On August 20, 2021, the Board of Directors (the “Board”) of Signify Health, Inc. (the “Company”) appointed Arnold Goldberg to the Board and to the Audit Committee of the Board, effective August 25, 2021, to serve until the Company’s next annual meeting of stockholders or until his successor is duly elected and qualified.
From 2013 through 2021, Mr. Goldberg, 53, served in various executive and leadership positions at PayPal Holdings, Inc., most recently as Senior Vice President, Chief Product Architect and Senior Technologist. From 2001 through 2012, Mr. Goldberg served in various senior engineering positions at Box, Inc. (2009-2012), LinkedIn Corporation (2008-2009) and eBay Inc. (2001-2008). Since 2013, Mr. Goldberg has served on the Advisory Board of the University of Florida, College of Engineering. Mr. Goldberg holds a Bachelor of Science in Computer Engineering from the University of Florida.

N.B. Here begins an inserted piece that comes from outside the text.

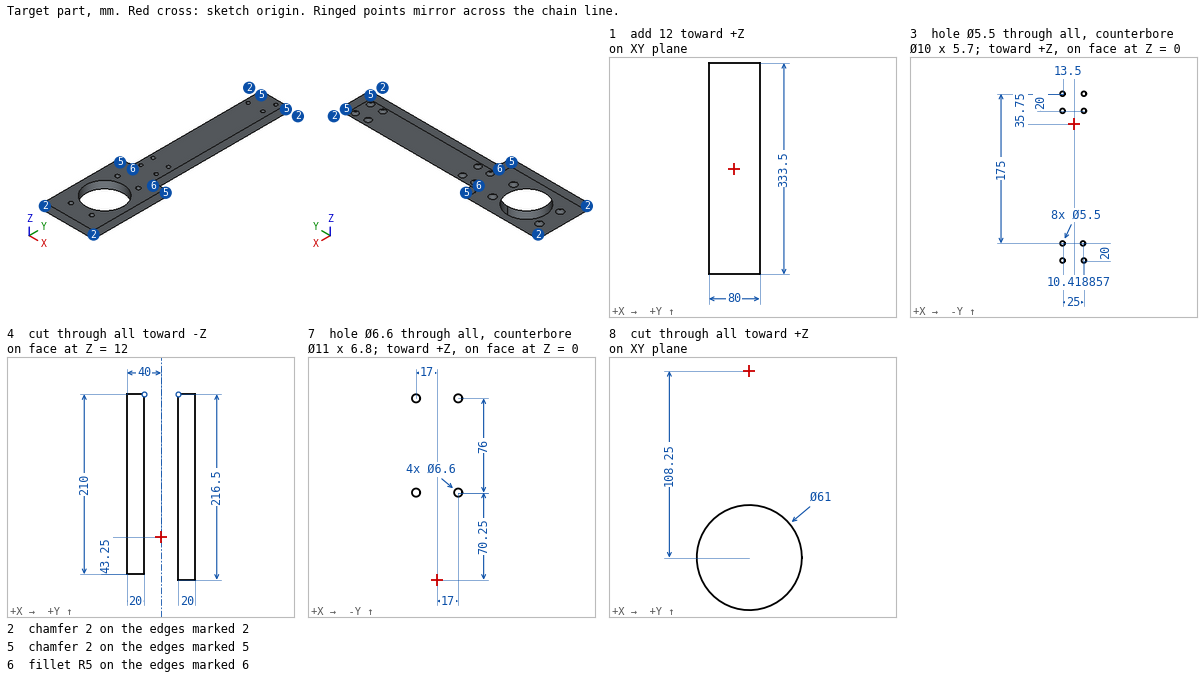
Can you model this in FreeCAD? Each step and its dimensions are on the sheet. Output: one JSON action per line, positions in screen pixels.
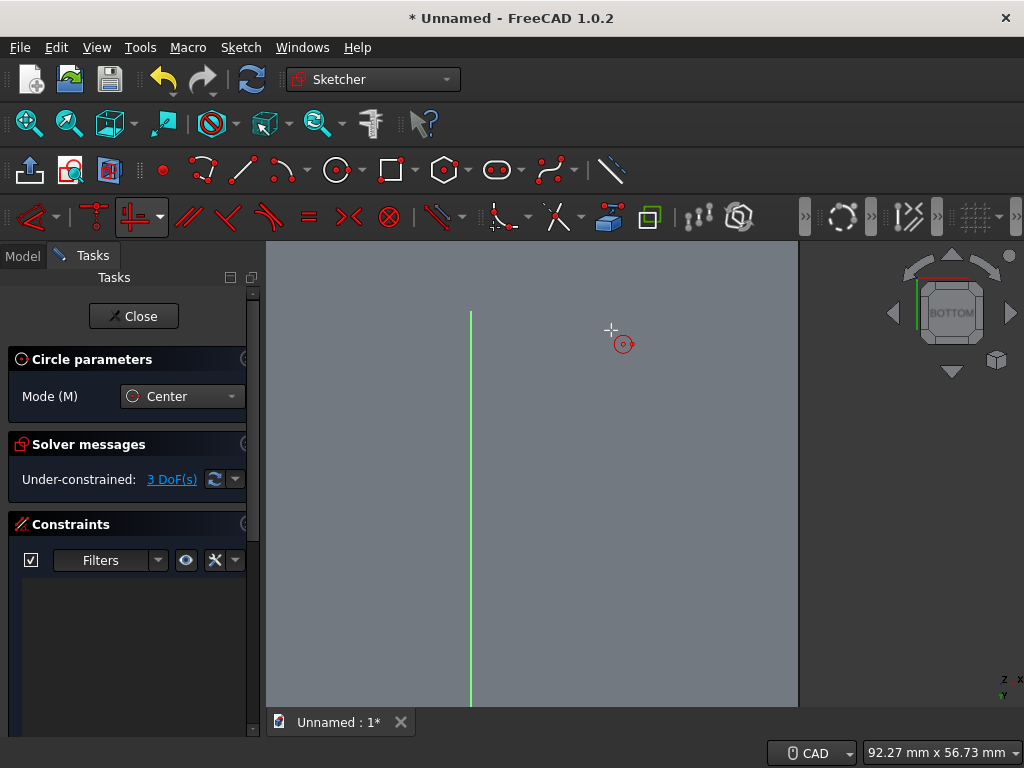
{"action": "scroll", "coordinate": [611, 329], "scroll_direction": "down", "scroll_amount": 7}

As compensation as an independent director pursuant to the Company’s Non-Employee Director Compensation Policy, Mr. Goldberg will receive (i) a $60,000 annual cash retainer for service on the Board, payable in equal quarterly installments and prorated for 2021; (ii) a $12,500 annual cash retainer for service on the Audit Committee, payable in equal quarterly installments and prorated for 2021; and (iii) a grant of Restricted Stock Units (“RSUs”) pursuant to the Signify Health, Inc. 2021 Long Term Incentive Plan (the ”Plan”) with a fair market value on the date of grant equal to $190,000 and vesting on the first anniversary of the date of grant. In addition, the Board has approved a special inducement grant of RSUs pursuant to the Plan with a fair market value on the date of grant equal to $190,000 and vesting on the first anniversary of the date of grant.
There are no related party transactions between the Company and Mr. Goldberg that would require disclosure under Item 404(a) of Regulation S-K, nor are there any further arrangements or understandings in connection with Mr. Goldberg’s appointment as a member of the Board. Mr. Goldberg does not have any family relationship with any of the Company’s directors or executive officers or any persons nominated or chosen by the Company to be a director or executive officer.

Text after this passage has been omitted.